Recently we published the first study of safety and efficacy of same-day administration of pegfilgrastim in patients receiving chemotherapy for gastrointestinal malignancies [16]. In the current study, we present here the first study to analyze safety and efficacy of administering pegfilgrastim on the same day as capecitabine-based regimens in patients with GI malignancies.

METHODS

A retrospective study was performed of patients with GI malignancies who received pegfilgrastim concurrently with a capecitabine-based chemotherapy regimen, including XELOX, EOX, ECX, XELIRI, MIXE, gemcitabine-capecitabine (Gem-Cap). Patients were treated from January 2014 through January 2020 and received pegfilgrastim within 1 hour of completion of chemotherapy. The decision to administer pegfilgrastim was based on ASCO or NCCN guidelines [17,18]. Patients had an average of 4 risk factors for febrile neutropenia: advanced disease, age >65, and gender, and chemotherapy regimen. As per institutional guidelines, patients were counseled on risks of same-day pegfilgrastim prior to its administration.

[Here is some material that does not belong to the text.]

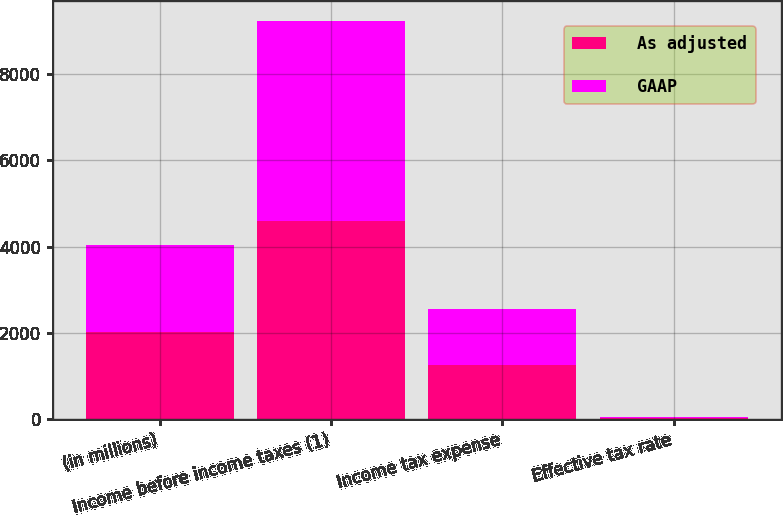Convert chart to OTSL. <chart><loc_0><loc_0><loc_500><loc_500><stacked_bar_chart><ecel><fcel>(in millions)<fcel>Income before income taxes (1)<fcel>Income tax expense<fcel>Effective tax rate<nl><fcel>As adjusted<fcel>2015<fcel>4595<fcel>1250<fcel>27.2<nl><fcel>GAAP<fcel>2015<fcel>4625<fcel>1312<fcel>28.4<nl></chart> 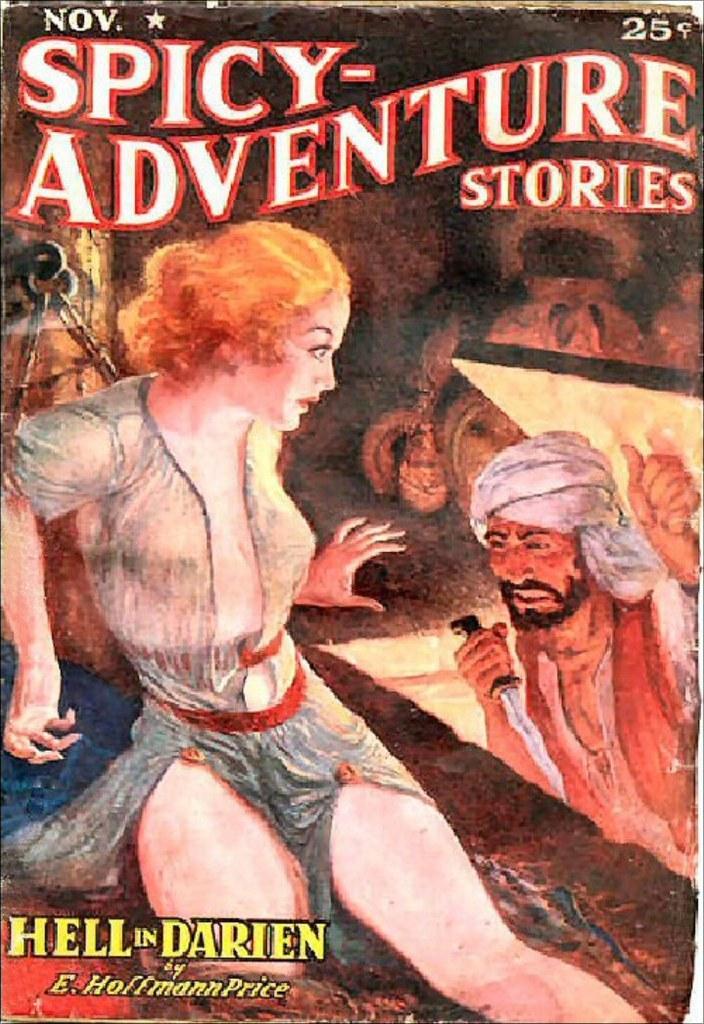Could you give a brief overview of what you see in this image? In the foreground of this picture there is a drawing of a woman seems to be sitting on the ground. On the right there is a picture of a man holding a knife. In the background there are some items and we can see the text on the image.

Information was obtained exclusively through review of individual electronic medical records to determine the degree of neutropenia and toxicity. Data collected included patient demographics, pathology reports, blood counts (drawn on days 8, 15 or 21 days according to the chemotherapy regimen), incidence of neutropenia, febrile neutropenia, hospitalization, use of antibiotics, bone pain, toxicity, chemotherapy regimen, chemotherapy dose, and day of pegfilgrastim administration.

RESULTS

Patient Demographics

A total of 914 chemotherapy cycles in 157 unique patients who received same-day pegfilgrastim with concurrent capecitabine-based chemotherapy were analyzed. Median patient age was 64 years (range 53–91) and 70% of patients were over 65. Included patients had an average of four risk factors for febrile neutropenia including advanced disease, gender, age over 65 and chemotherapy regimen.

The most common sites of GI malignancies included colorectal (35%), pancreas (25%), gastric (20%), cholangiocarcinoma (10%), anal (5%) and others (5%).

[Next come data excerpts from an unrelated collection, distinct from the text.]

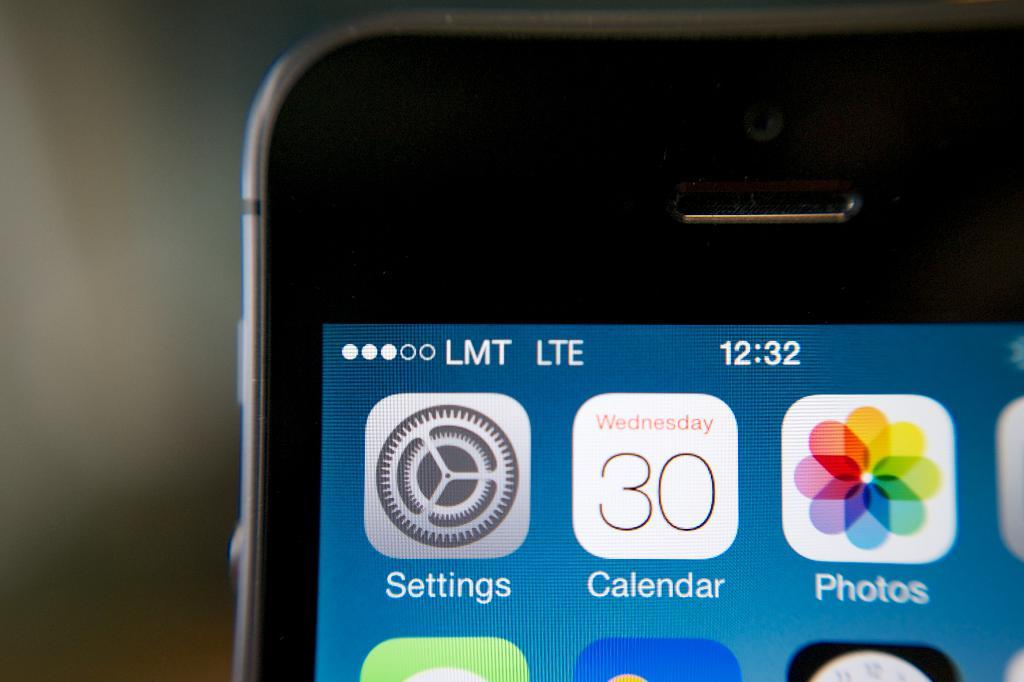Provide a one-sentence caption for the provided image. A phone with the calendar app with the calendar app showing the day Wednesday. 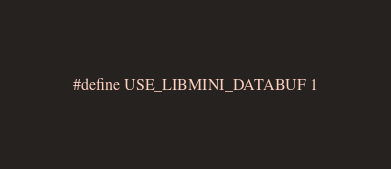<code> <loc_0><loc_0><loc_500><loc_500><_C_>
#define USE_LIBMINI_DATABUF 1
</code> 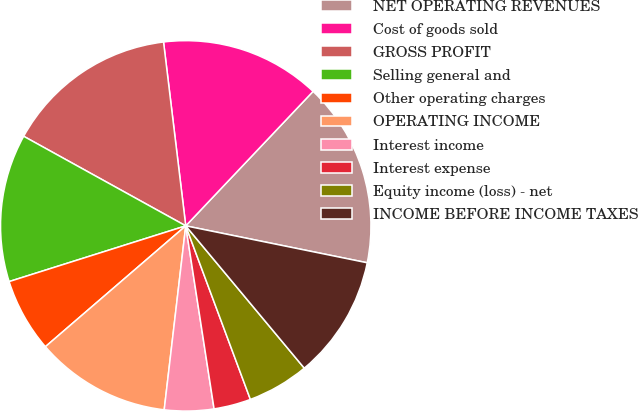<chart> <loc_0><loc_0><loc_500><loc_500><pie_chart><fcel>NET OPERATING REVENUES<fcel>Cost of goods sold<fcel>GROSS PROFIT<fcel>Selling general and<fcel>Other operating charges<fcel>OPERATING INCOME<fcel>Interest income<fcel>Interest expense<fcel>Equity income (loss) - net<fcel>INCOME BEFORE INCOME TAXES<nl><fcel>16.13%<fcel>13.98%<fcel>15.05%<fcel>12.9%<fcel>6.45%<fcel>11.83%<fcel>4.3%<fcel>3.23%<fcel>5.38%<fcel>10.75%<nl></chart> 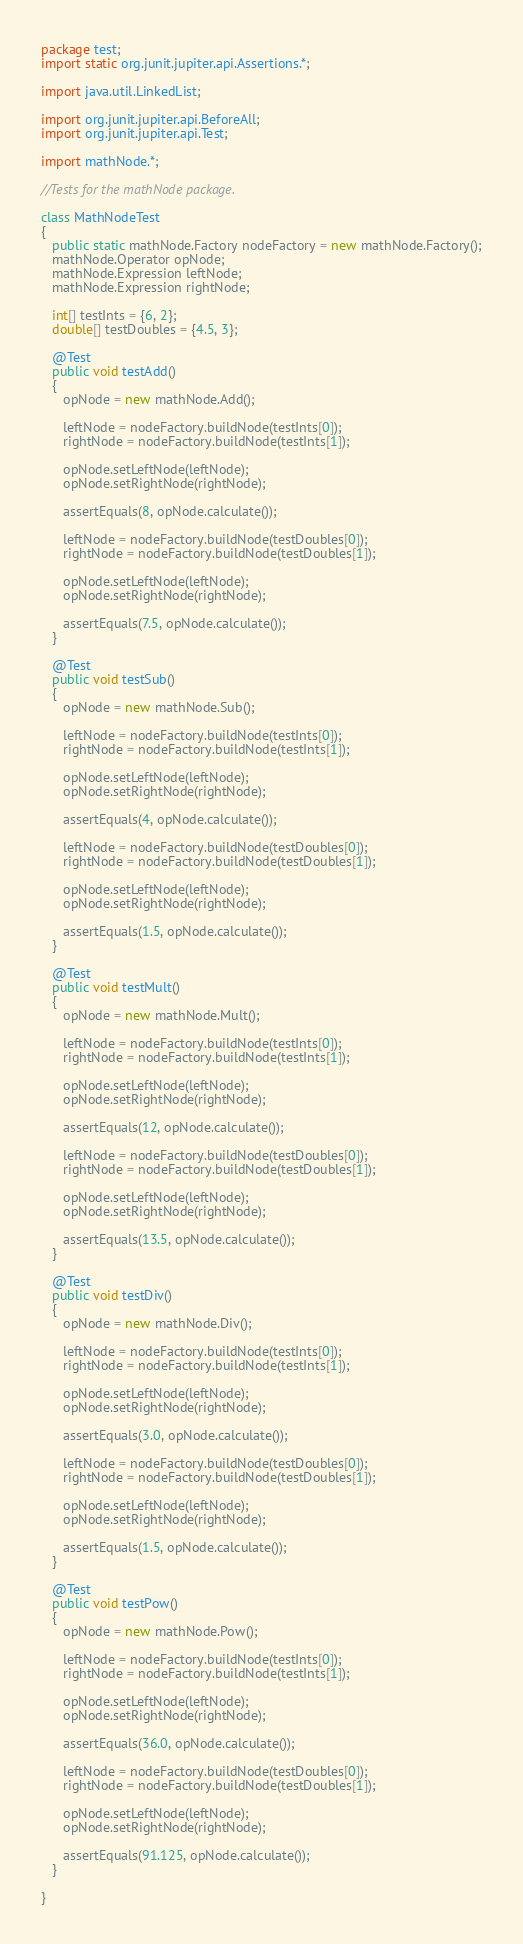Convert code to text. <code><loc_0><loc_0><loc_500><loc_500><_Java_>package test;
import static org.junit.jupiter.api.Assertions.*;

import java.util.LinkedList;

import org.junit.jupiter.api.BeforeAll;
import org.junit.jupiter.api.Test;

import mathNode.*;

//Tests for the mathNode package.

class MathNodeTest
{
   public static mathNode.Factory nodeFactory = new mathNode.Factory();
   mathNode.Operator opNode;
   mathNode.Expression leftNode;
   mathNode.Expression rightNode;
   
   int[] testInts = {6, 2};
   double[] testDoubles = {4.5, 3};

   @Test
   public void testAdd()
   {
      opNode = new mathNode.Add();
      
      leftNode = nodeFactory.buildNode(testInts[0]);
      rightNode = nodeFactory.buildNode(testInts[1]);
      
      opNode.setLeftNode(leftNode);
      opNode.setRightNode(rightNode);
      
      assertEquals(8, opNode.calculate());
      
      leftNode = nodeFactory.buildNode(testDoubles[0]);
      rightNode = nodeFactory.buildNode(testDoubles[1]);
      
      opNode.setLeftNode(leftNode);
      opNode.setRightNode(rightNode);
      
      assertEquals(7.5, opNode.calculate());
   }
   
   @Test
   public void testSub()
   {
      opNode = new mathNode.Sub();
      
      leftNode = nodeFactory.buildNode(testInts[0]);
      rightNode = nodeFactory.buildNode(testInts[1]);
      
      opNode.setLeftNode(leftNode);
      opNode.setRightNode(rightNode);
      
      assertEquals(4, opNode.calculate());
      
      leftNode = nodeFactory.buildNode(testDoubles[0]);
      rightNode = nodeFactory.buildNode(testDoubles[1]);
      
      opNode.setLeftNode(leftNode);
      opNode.setRightNode(rightNode);
      
      assertEquals(1.5, opNode.calculate());
   }
   
   @Test
   public void testMult()
   {
      opNode = new mathNode.Mult();
      
      leftNode = nodeFactory.buildNode(testInts[0]);
      rightNode = nodeFactory.buildNode(testInts[1]);
      
      opNode.setLeftNode(leftNode);
      opNode.setRightNode(rightNode);
      
      assertEquals(12, opNode.calculate());
      
      leftNode = nodeFactory.buildNode(testDoubles[0]);
      rightNode = nodeFactory.buildNode(testDoubles[1]);
      
      opNode.setLeftNode(leftNode);
      opNode.setRightNode(rightNode);
      
      assertEquals(13.5, opNode.calculate());
   }
   
   @Test
   public void testDiv()
   {
      opNode = new mathNode.Div();
      
      leftNode = nodeFactory.buildNode(testInts[0]);
      rightNode = nodeFactory.buildNode(testInts[1]);
      
      opNode.setLeftNode(leftNode);
      opNode.setRightNode(rightNode);
      
      assertEquals(3.0, opNode.calculate());
      
      leftNode = nodeFactory.buildNode(testDoubles[0]);
      rightNode = nodeFactory.buildNode(testDoubles[1]);
      
      opNode.setLeftNode(leftNode);
      opNode.setRightNode(rightNode);
      
      assertEquals(1.5, opNode.calculate());
   }
   
   @Test
   public void testPow()
   {
      opNode = new mathNode.Pow();
      
      leftNode = nodeFactory.buildNode(testInts[0]);
      rightNode = nodeFactory.buildNode(testInts[1]);
      
      opNode.setLeftNode(leftNode);
      opNode.setRightNode(rightNode);
      
      assertEquals(36.0, opNode.calculate());
      
      leftNode = nodeFactory.buildNode(testDoubles[0]);
      rightNode = nodeFactory.buildNode(testDoubles[1]);
      
      opNode.setLeftNode(leftNode);
      opNode.setRightNode(rightNode);
      
      assertEquals(91.125, opNode.calculate());
   }

}</code>

Patients received a variety of different chemotherapies including XELOX (40%), EOX (20%), ECX (5%), XELIRI (5%), MIXE (10%), Gem-Cap (10%), and others (10%).

Efficacy

Median ANC nadir for all cycles was 5634/uL (range: 450–23800). Grade 1 and 2 neutropenia developed in 11 of 914 cycles. There was only one episode of grade >3 neutropenia resulting in infection and antibiotic use. No other patient required dose reductions, chemotherapy delays, or hospitalizations.

Toxicity

Bone pain reported in 9 patients. No increased toxicity of capecitabine was noticed.

DISCUSSION

To the best of our knowledge, we believe our study is the first in GI malignancies to report that same-day pegfilgrastim administration with capecitabine-based regimens may be as effective and safe as next-day administration. Non-inferiority of same day dosing has been documented in several different malignancies and chemotherapy regimens, including NHL, NSCL, breast, gynecological cancers, showing no statistical difference observed G3–4 neutropenia, febrile neutropenia, treatment delays or dose modifications between same and next-day dosing [1922]. Contrary to these studies, others noticed that increased risk for febrile neutropenia in patients receiving same day versus next day pegfilgrastim administration [23]. Hence, this issue of pegfilgrastim dosing schedule of remains conflicting and controversial.

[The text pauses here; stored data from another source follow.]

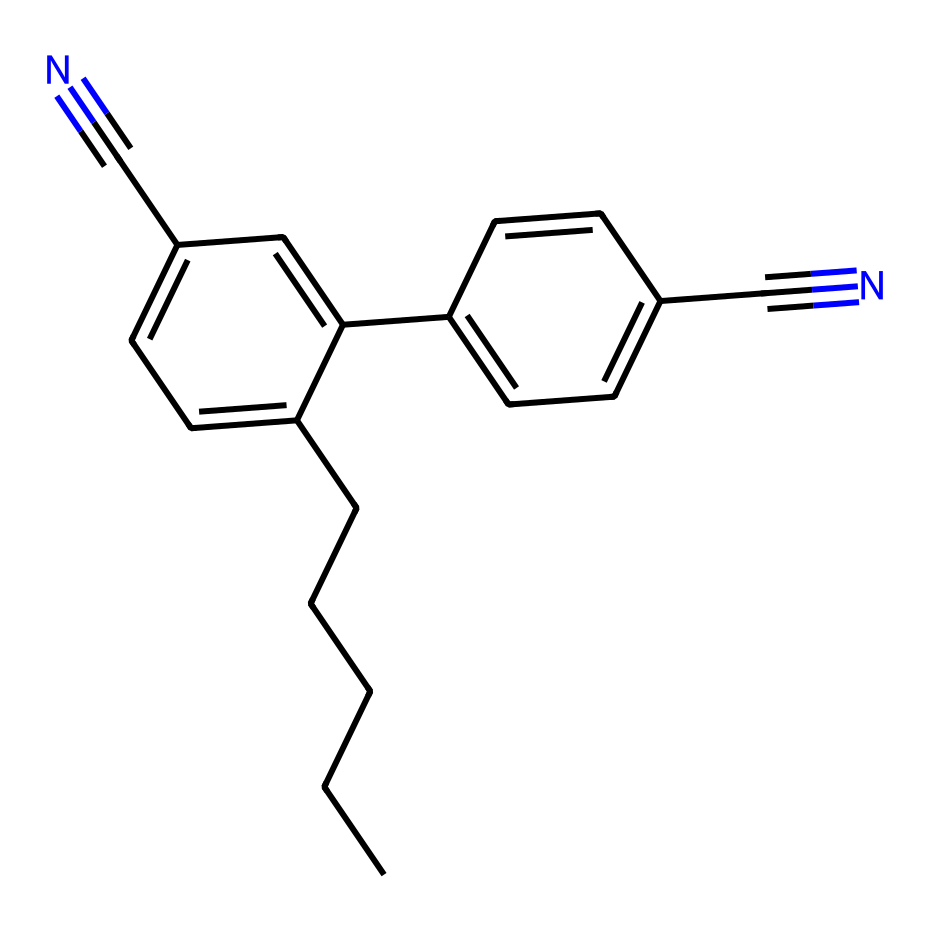How many carbon atoms are present in this chemical? To determine the number of carbon atoms, we can analyze the SMILES representation. The representation gives us a clear count of 'C' symbols. In total, there are 16 carbon atoms in the molecule.
Answer: 16 What functional groups are present in this chemical? By examining the chemical structure represented by the SMILES, we notice the presence of nitrile groups indicated by the 'C#N' sections. Therefore, the functional groups present are nitriles.
Answer: nitriles How many double bonds are found in this chemical? We must evaluate the chemical structure to count the double bonds. There are three double bonds visible in the structure connected to various carbon atoms.
Answer: 3 What is the molecular formula of this compound? To derive the molecular formula, we consider the contributions of each atom type (Carbon, Hydrogen, Nitrogen). This results in the formula C16H18N2.
Answer: C16H18N2 What type of solid does this compound likely form? Given the extended aromatic rings and the presence of sp2 hybridized carbon, this compound is likely to form a crystalline solid. The molecular interactions suggest a stable structure.
Answer: crystalline Does this compound have any polar features? In analyzing the SMILES, we find that the presence of nitrile groups contributes to polarity due to the electronegative nitrogen atoms. Therefore, the compound does exhibit polar features.
Answer: yes How does the molecular arrangement affect the liquid crystal properties in displays? The presence of rigid and flexible regions due to the aromatic rings helps in responsiveness to electric fields in liquid crystal displays. The molecular design supports alignment needed for LCD functionality.
Answer: supports alignment

Additionally, given the absence of CD in human bone marrow, it appears capecitabine can be used concurrently with pegfilgrastim [16,24]. Prospective studies should be done to further investigate, as this practice can benefit patients clinically, decrease office visits, increase patient’s satisfaction and reduce healthcare costs.

Capecitabine was rationally designed to provide an oral therapy that generates 5-FU preferentially in tumor tissue [12,13,25]. An additional aim was to mimic continuous infusion 5-FU. Oral administration enables convenient, patient-oriented, home-based therapy, which most patients prefer to intra- venous treatment administered in the clinic [6,26,27]. In addition, oral therapy avoids the problems and inconvenience associated with venous access [28,29].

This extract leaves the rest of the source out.